Thursday, November 19, 2015

Circumcision and Standing Stones in the Judean Hills

Ritual purification and circumcision are depicted in the tomb of Ankhmahor in Saqqara,
Sixth Dynasty. Believed to be practices of a royal priest caste.

The Egyptian word for phallus was khenen related to khenty, meaning "before" or "in front of "

Tel Gezer is an old high place (kar, ophel, tamana) in the western Shephelah in Israel. It was comprised of two hills with a narrow valley between them. This represents typical typography of ancient shrine settlements with a bamah or high altar. It was a place of ritual. Likely circumcision was one of the rituals. Flint or obsidian knives were used to perform circumcisions. These often had edges sharper than modern surgical steel. Flint workshops have been found throughout the Judean hills and in Galilee. It appears that these knives were used even after the production of iron tools.

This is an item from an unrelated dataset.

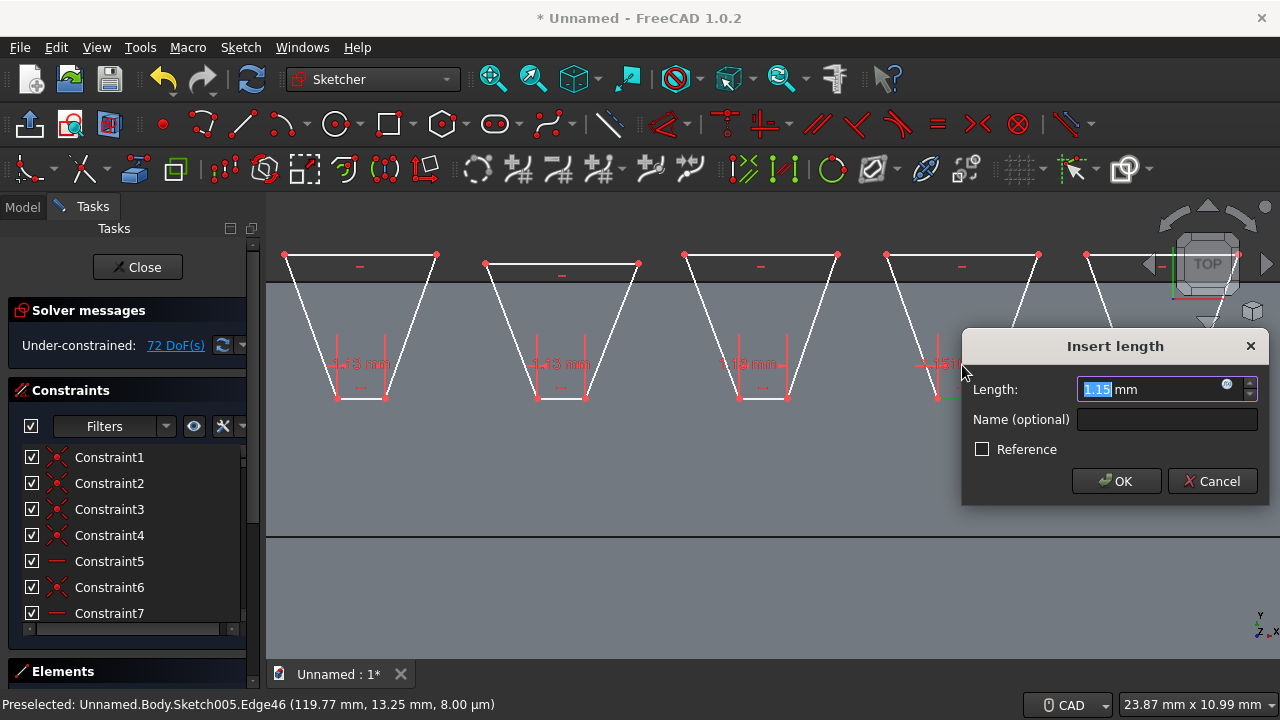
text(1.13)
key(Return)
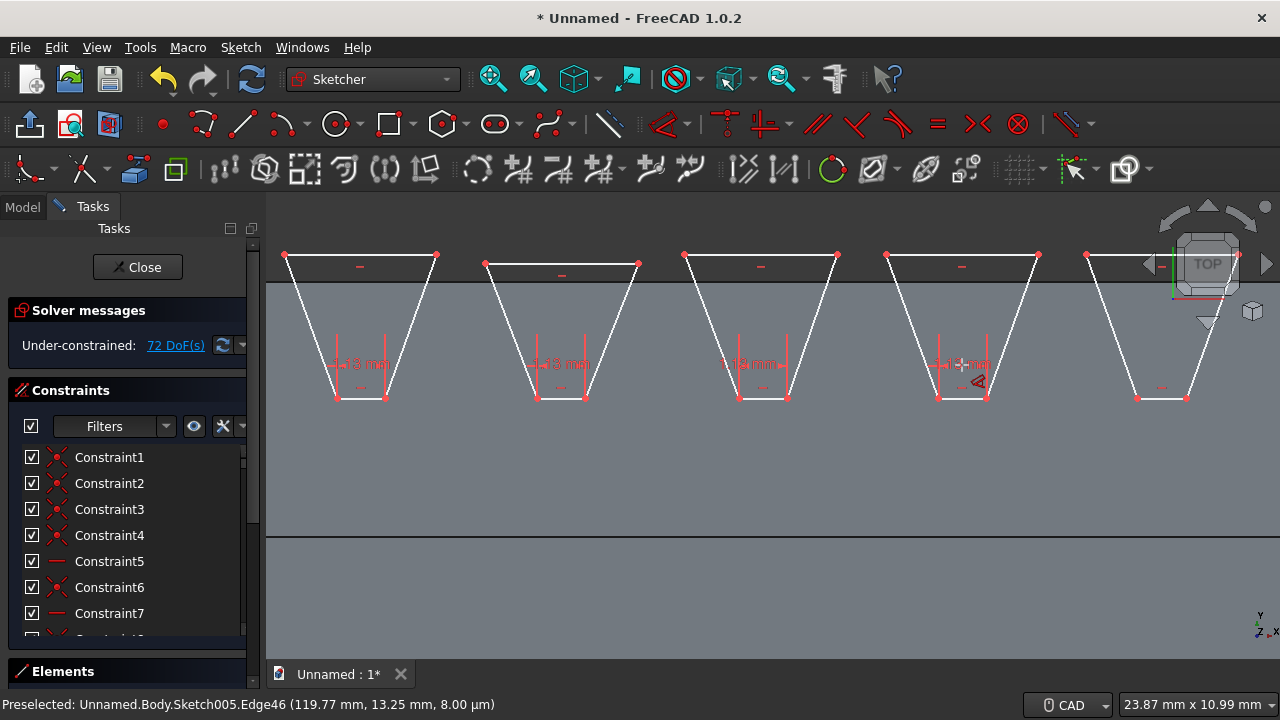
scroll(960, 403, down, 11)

Infection was less of a risk given the high saline composition of the flint.

The Egyptians had a settlement at Gezer in the 11th century BC.  In the Middle Bronze Age (ca. 2200–1500 BC) the city was fortified. There was a gate, a tower, and a protected water system. These would have been built under the direction of the ruler of the area, probably a vassal of the Pharaoh. The Judean high places were under the control of Egypt from about 2000 to 1178 BC. The tenth century BC Gezer Calendar appears to reflect Nilotic farming practices.

The Gezer water system was first excavated from 1902–1905 and 1907–1909 by Irish archaeologist R.A.S. Macalister. According to Dan Warner, Co-director of the Tel Gezer Water System Project, “The system fits well with other features in close proximity: to the south the massive gate and stone tower and to the northeast the large standing stones.”

The keyhole-shaped entrance of the water system. Photo: Dan Warner

The water system provided a means of getting water to inhabitants within the city walls. It had a “keyhole-shaped entrance,” measuring 12 feet across and 24 feet high, a sloping shaft running 138 feet downward at a 38° angle to the collection basin, and a collection basin, which extended on to a nearby cavern. Usually the excavators of water shafts and tunnels of this type took advantage of natural karstic fissures in the rock when cutting passages.

Archaic high places were on hills near water systems. They were often marked by standing stones (menhirs) such as these found at Tel Gezer. These date to the period of the standing stones erected on Salisbury Plain in England around 2500 B.C.

Standing stones at the Gezer “high place” Photo: Dennis Cole.

Circles of standing stones can be found in the Sinai, the Negev and in the Judean hills. In Hebrew they are called  masseboth (singular, massebah) which is usually translated as “pillars” or “standing stones.” They are arranged to create a religious site.

The appearance of standing stones aligns with the movements of the peoples in the R1b haplogroup.

The oldest known stone circles date to 175,000 years ago and were formed inside the Bruniquel cave in southwestern France. These appear to have been ceremonial sites where Neanderthal humans controlled fire and consumed animals.

Some of the stone circles and megaliths found in Senegal and Gambia date to the 3rd century BC. The late Catherine Acholonu called attention to megaliths in the Cross River region of Nigeria and Cameroon. She estimated a total up to 32 such sites, but did not indicate that these all were circles. Sometimes a single standing stone marked a sacred shrine. Apparently, at least one circle has been found at Emangabe.

In Sardinia, 200 menhirs in the locality Biru‘e Concas have been dated between the late Neolithic (3200-2800 BC) and the Eneolithic (2800-1800 BC). These are located at the geographic center of Sardinia.

There are about 40 Paleolithic sites in the Judean hills, many of them near Bethlehem. Human habitation in the area of Bethlehem between (100,000-10,000 BC) is well-attested along the north side of Wadi Khareitun where there are three caves: Iraq al-Ahmar, Umm Qal’a, and Umm Qatafa. These caves were homes in a wooded landscape overlooking a river. At Umm Qatafa archaeologists have found the earliest evidence of the domestic use of fire in Palestine.

Chalcolithic finds in the Judean caves include clay vessels decorated with red paint, ropes, reed mats, shell and bone necklaces, leather, wood artifacts, flint implements, and globular stone grinding and pounding vessels.